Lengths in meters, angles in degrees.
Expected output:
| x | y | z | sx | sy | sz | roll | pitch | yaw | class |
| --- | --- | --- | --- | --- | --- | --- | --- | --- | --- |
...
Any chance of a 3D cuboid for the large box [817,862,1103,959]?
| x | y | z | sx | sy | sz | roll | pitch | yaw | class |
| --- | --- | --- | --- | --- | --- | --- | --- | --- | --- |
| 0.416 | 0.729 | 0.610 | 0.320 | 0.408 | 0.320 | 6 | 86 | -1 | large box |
--
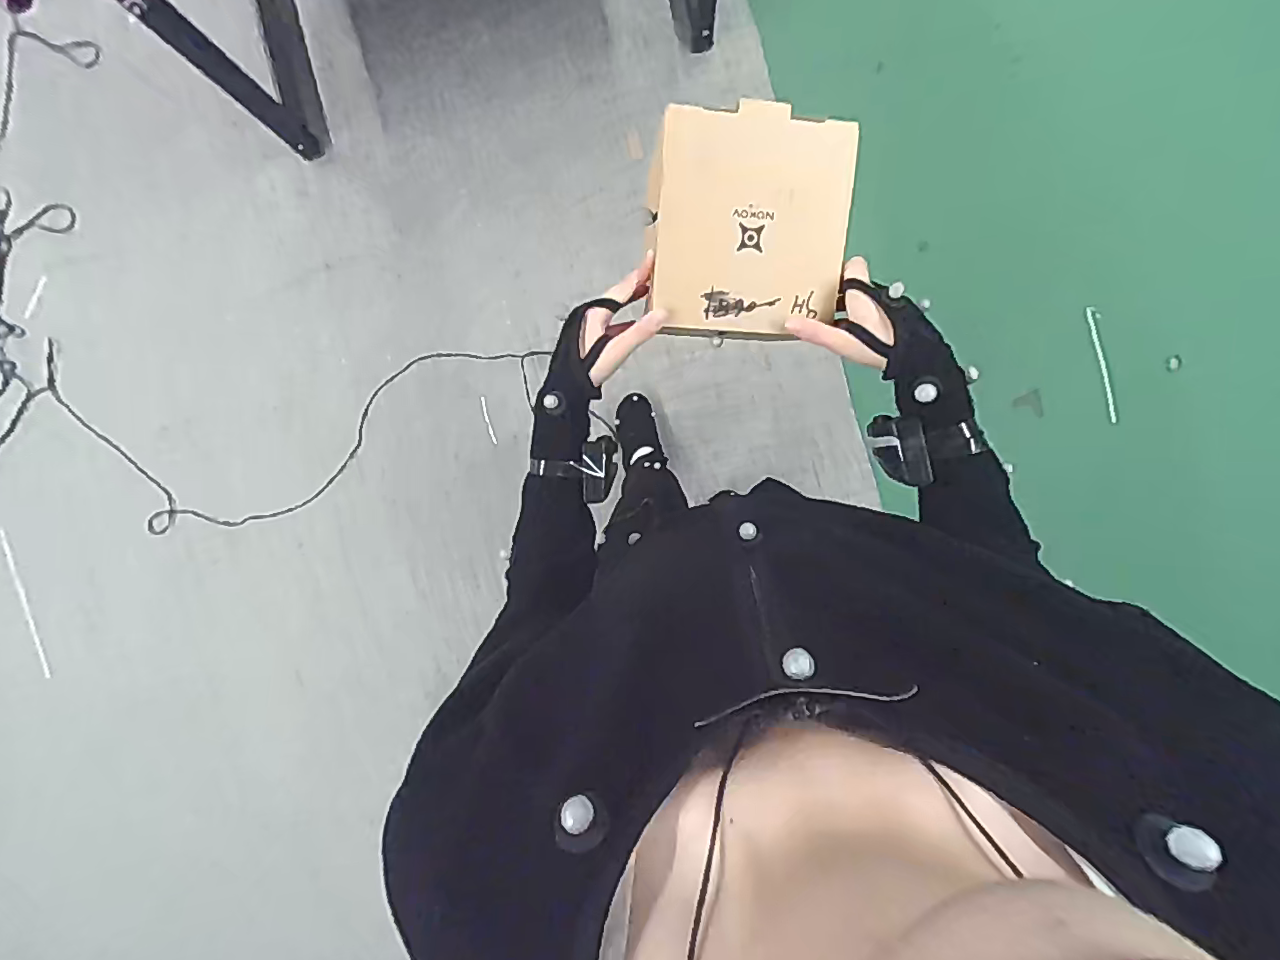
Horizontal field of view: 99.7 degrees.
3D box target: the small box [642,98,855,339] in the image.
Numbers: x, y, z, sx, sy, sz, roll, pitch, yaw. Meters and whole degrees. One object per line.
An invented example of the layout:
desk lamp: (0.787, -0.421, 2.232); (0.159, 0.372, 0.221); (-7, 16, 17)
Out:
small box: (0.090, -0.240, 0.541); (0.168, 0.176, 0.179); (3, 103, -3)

WHAT NEEDS TO BE DONE:
Wherever the word "degrees" occurs in the data, copy that whole line.

RESPONSE AREA:
Lengths in meters, angles in degrees.
Horizontal field of view: 99.7 degrees.
Numbers: x, y, z, sx, sy, sz, roll, pitch, yaw. Meters and whole degrees. One object per line.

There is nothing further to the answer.